§ **INSTRUCTIONS TO FOLLOW**: Each record should be given again exactly as it appears, with no image included.

Start of DATA EXTRACTS

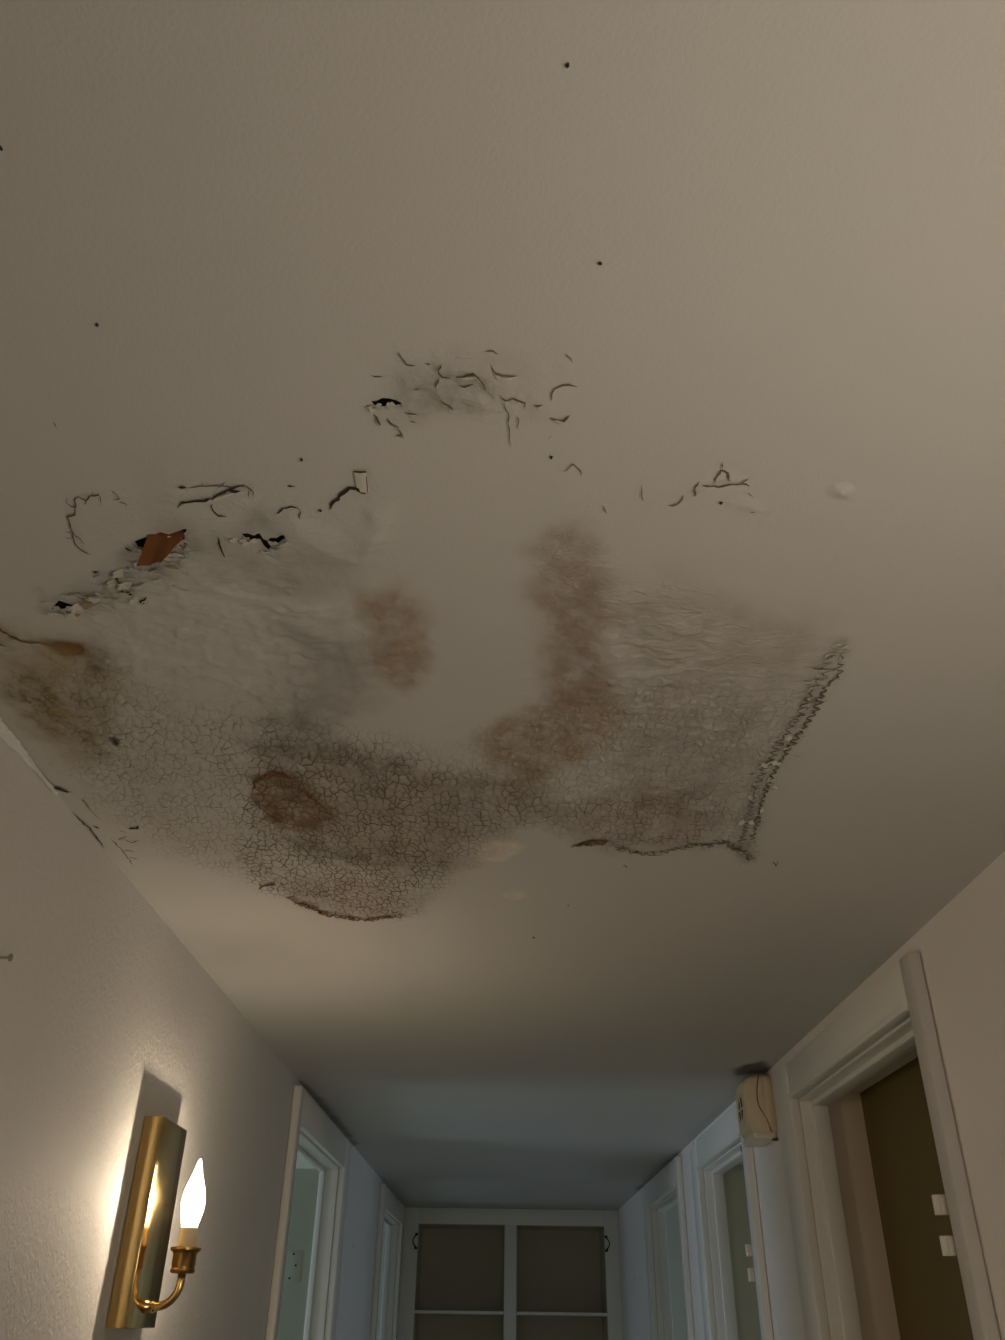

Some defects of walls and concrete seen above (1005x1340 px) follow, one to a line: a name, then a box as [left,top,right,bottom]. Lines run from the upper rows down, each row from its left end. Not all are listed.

crack [65,491,147,604]
peeling [32,536,190,620]
peeling [229,537,290,554]
crack [0,627,49,647]
crack [54,787,139,865]
crack [224,738,546,922]
crack [577,799,778,868]
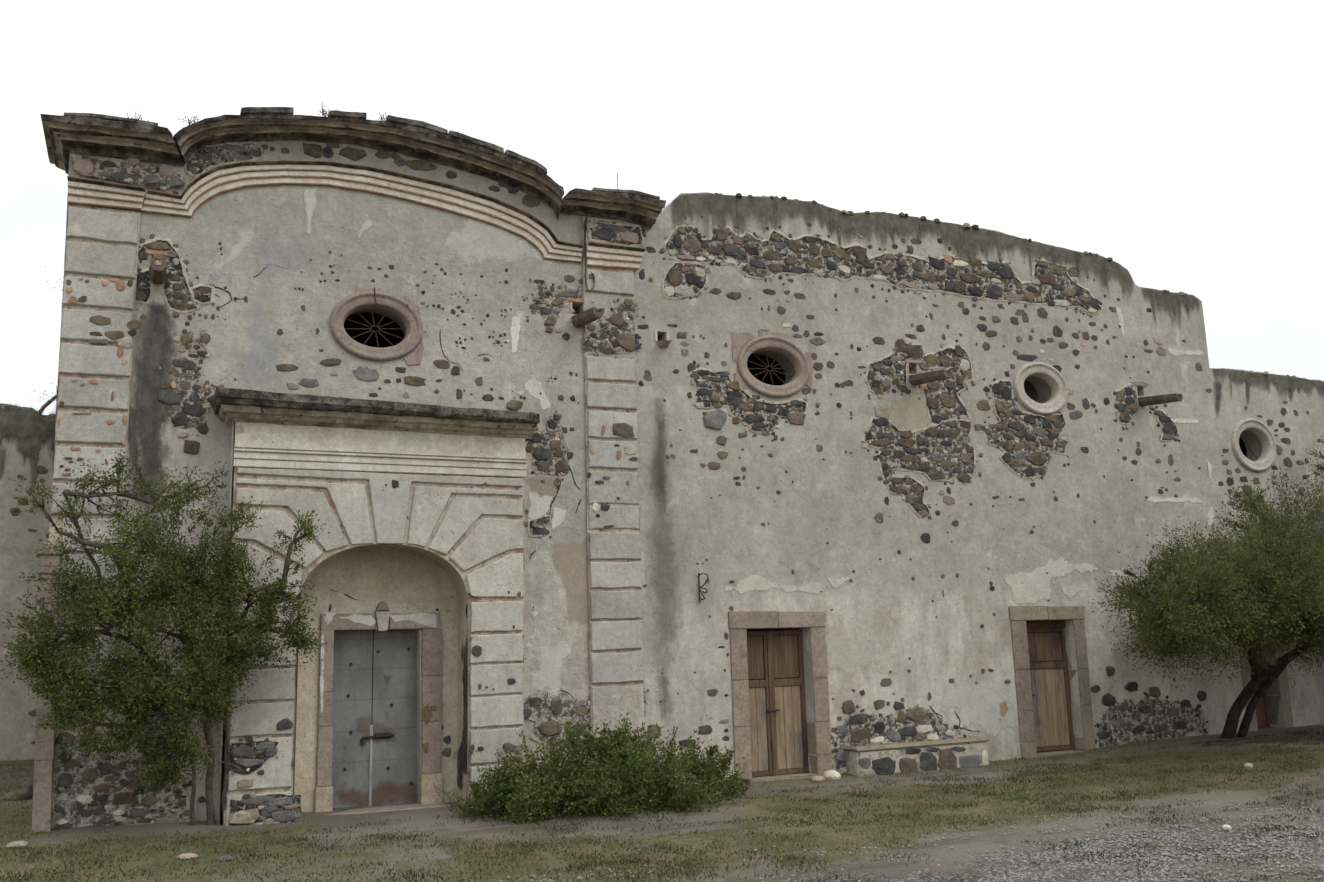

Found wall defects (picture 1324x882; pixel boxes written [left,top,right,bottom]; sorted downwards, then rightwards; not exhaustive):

leakage [0,404,56,486]
leakage [128,303,176,527]
spalling [66,234,247,455]
spalling [275,328,579,538]
spalling [416,263,649,361]
leakage [671,193,1199,322]
spalling [587,215,1318,543]
spalling [422,636,516,790]
spalling [502,687,606,754]
spalling [817,657,977,774]
rust [340,782,416,806]

End of DATA EXTRACTS

§ **TASK ANSWER**:
Some defects of walls and concrete seen above (1005x1340 px) follow, one to a line: a name, then a box as [left,top,right,bottom]. Lines run from the upper rows down, each row from its left end. Not all are listed.

crack [65,491,147,604]
peeling [32,536,190,620]
peeling [229,537,290,554]
crack [0,627,49,647]
crack [54,787,139,865]
crack [224,738,546,922]
crack [577,799,778,868]

Found wall defects (picture 1324x882; pixel boxes written [left,top,right,bottom]; sorted downwards, then rightwards; not exhaustive):

leakage [0,404,56,486]
leakage [128,303,176,527]
spalling [66,234,247,455]
spalling [275,328,579,538]
spalling [416,263,649,361]
leakage [671,193,1199,322]
spalling [587,215,1318,543]
spalling [422,636,516,790]
spalling [502,687,606,754]
spalling [817,657,977,774]
rust [340,782,416,806]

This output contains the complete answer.